The task calls for every entry to be printed word for word, without the images.

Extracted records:
'''
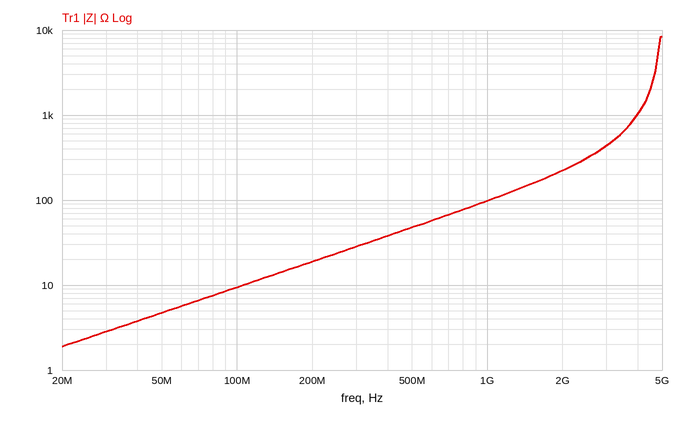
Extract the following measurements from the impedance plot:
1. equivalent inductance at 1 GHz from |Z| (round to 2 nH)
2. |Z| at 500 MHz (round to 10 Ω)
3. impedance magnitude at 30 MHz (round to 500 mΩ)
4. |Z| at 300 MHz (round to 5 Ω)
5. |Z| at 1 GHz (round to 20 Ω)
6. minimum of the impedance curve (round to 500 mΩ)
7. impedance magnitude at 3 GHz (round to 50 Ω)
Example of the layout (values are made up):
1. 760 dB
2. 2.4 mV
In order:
'''
• Reply
Extract the following measurements from the impedance plot:
1. equivalent inductance at 1 GHz from |Z| (round to 2 nH)
2. |Z| at 500 MHz (round to 10 Ω)
3. impedance magnitude at 30 MHz (round to 500 mΩ)
4. |Z| at 300 MHz (round to 5 Ω)
5. |Z| at 1 GHz (round to 20 Ω)
6. minimum of the impedance curve (round to 500 mΩ)
7. impedance magnitude at 3 GHz (round to 50 Ω)
Example of the layout (values are made up):
1. 760 dB
2. 2.4 mV
In order:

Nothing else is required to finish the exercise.